A detailed discussion on first-line treatment options for chronic GVHD and options for patients with steroid-refractory chronic GVHD.

Transcript:

Preet M. Chaudhary, MD, PhD: What are the first-line treatment options that you use for chronic GVHD [graft-vs-host disease]?

Eric Leon Tam, MD: For chronic GVHD, the first line of treatment typically is high-dose steroids and if the patient is off of immunosuppression like tacrolimus, we restart it. If they’re still on it, then we need to consider increasing the dose for these patients and that’s typically still the standard first-line treatment. For the second-line treatment, we have new therapies now but the second line and the sequencing of them can oftentimes be a little bit less standard and physician and practice-based.

Preet M. Chaudhary, MD, PhD: Does the site of the disease or the site of the organs which are involved with GVHD affect your treatment choice?

Eric Leon Tam, MD: It does, particularly if it’s steroid refractory. Steroids will typically work very well for most types of GVHD. We can consider certain times even a mild dose instead of a very large dose if it’s not very severe, but steroids seem to work very well for most types of organs, for most organ systems. When it’s steroid refractory and the steroid is not doing as much, or not improving as much, as we’d like then we definitely need to take into account the organ system that’s being affected.

There are certain therapies that seem to work a little bit better in certain organs.
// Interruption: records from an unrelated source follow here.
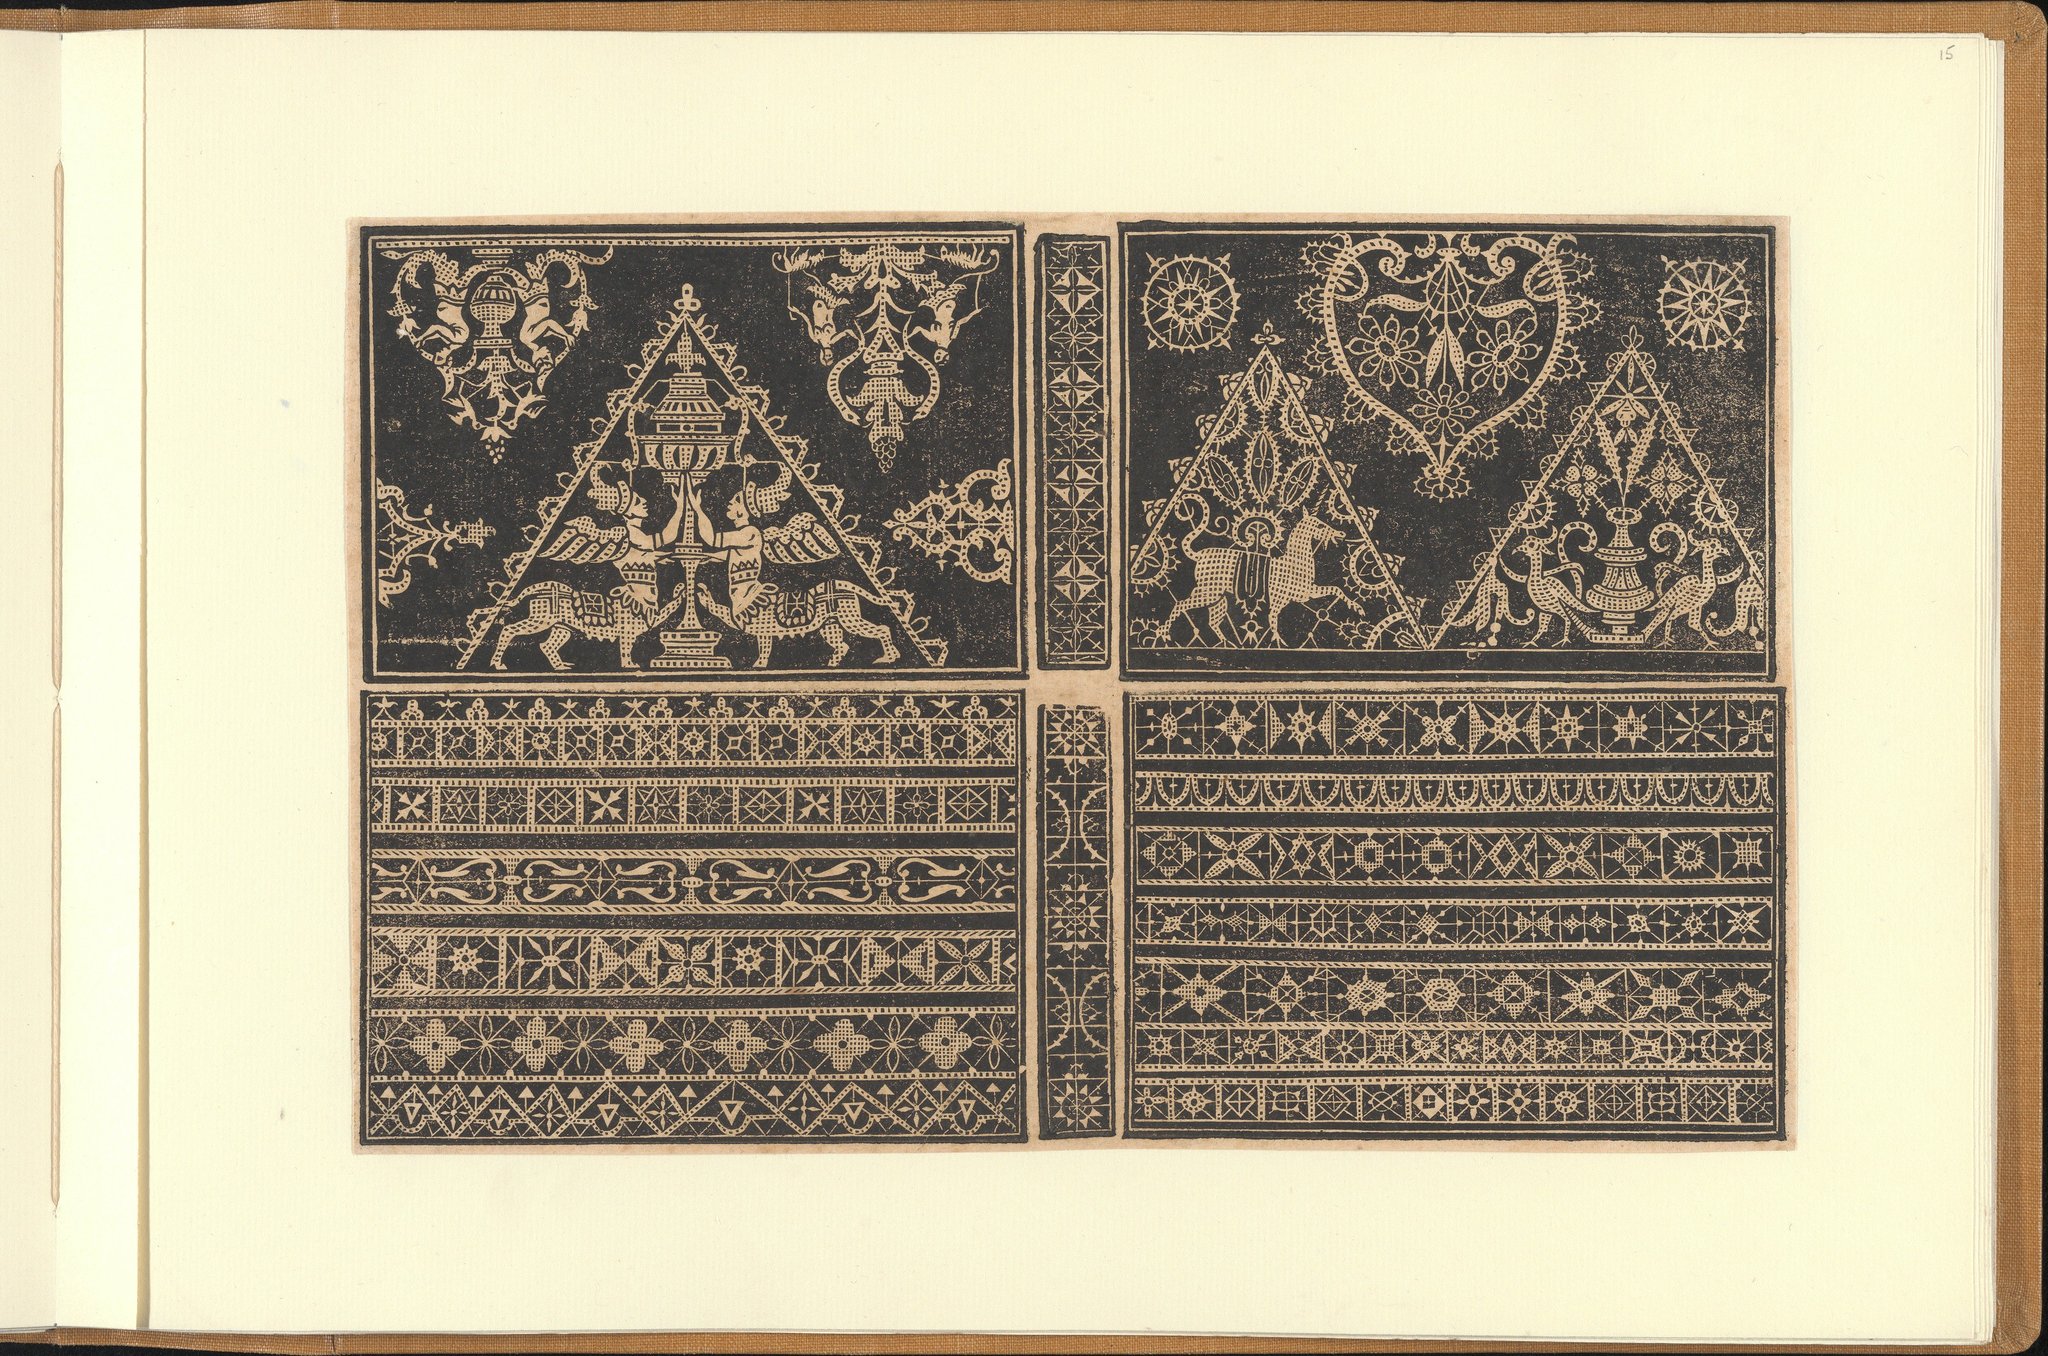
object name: album print ornament architecture
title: Schon newes Modelbuch...Page 15(r)
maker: sigismundus latomus
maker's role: designer
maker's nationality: german
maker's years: 1599-1632
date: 1617
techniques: woodcut
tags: animals,birds,centaurs

For example, ECP [extracorporeal photopheresis], which is a phototherapy usually works a little bit better for the skin and lungs in chronic GVHD. The new JAK [Janus kinase] inhibitor and the ROCK [Rho-kinase] inhibitor usually works a little bit better for multiple sclerosis as well, so lung GVHD, GI [gastrointestinal] GVHD, and the skin, they work very well for. Ibrutinib [Imbruvica], which is not very often used anymore, but seems to work very well in the skin but not so much in the other organ systems.

Preet M. Chaudhary, MD, PhD: Jakafi [ruxolitinib] seems to have an effect in most organs.

Eric Leon Tam, MD: Yes, it does. Jakafi and belumosudil [Rezurock] seem to have an effect in most organs.

Preet M. Chaudhary, MD, PhD: What are the main side effects that you see in patients who are on steroids?

Eric Leon Tam, MD: Steroids are a very heavy double-edged sword here, especially for our chronic GVHD symptoms. They have to usually stay on steroids for a long period of time. The main concern we always have with high-dose steroids for a long period is the patient getting an infection, so if they’re not already on it we have to restart antifungal prophylaxis, PJP [pneumocystis jiroveci pneumonia] prophylaxis and things like that.

Steroids can also wreak havoc on the body’s metabolism and its homeostasis as well, so weight gain. You mentioned the risk for infection. If they’re diabetic you could have very little diabetes when they’re on steroids too. It becomes a very holistic global approach for the patient once they’re on steroids.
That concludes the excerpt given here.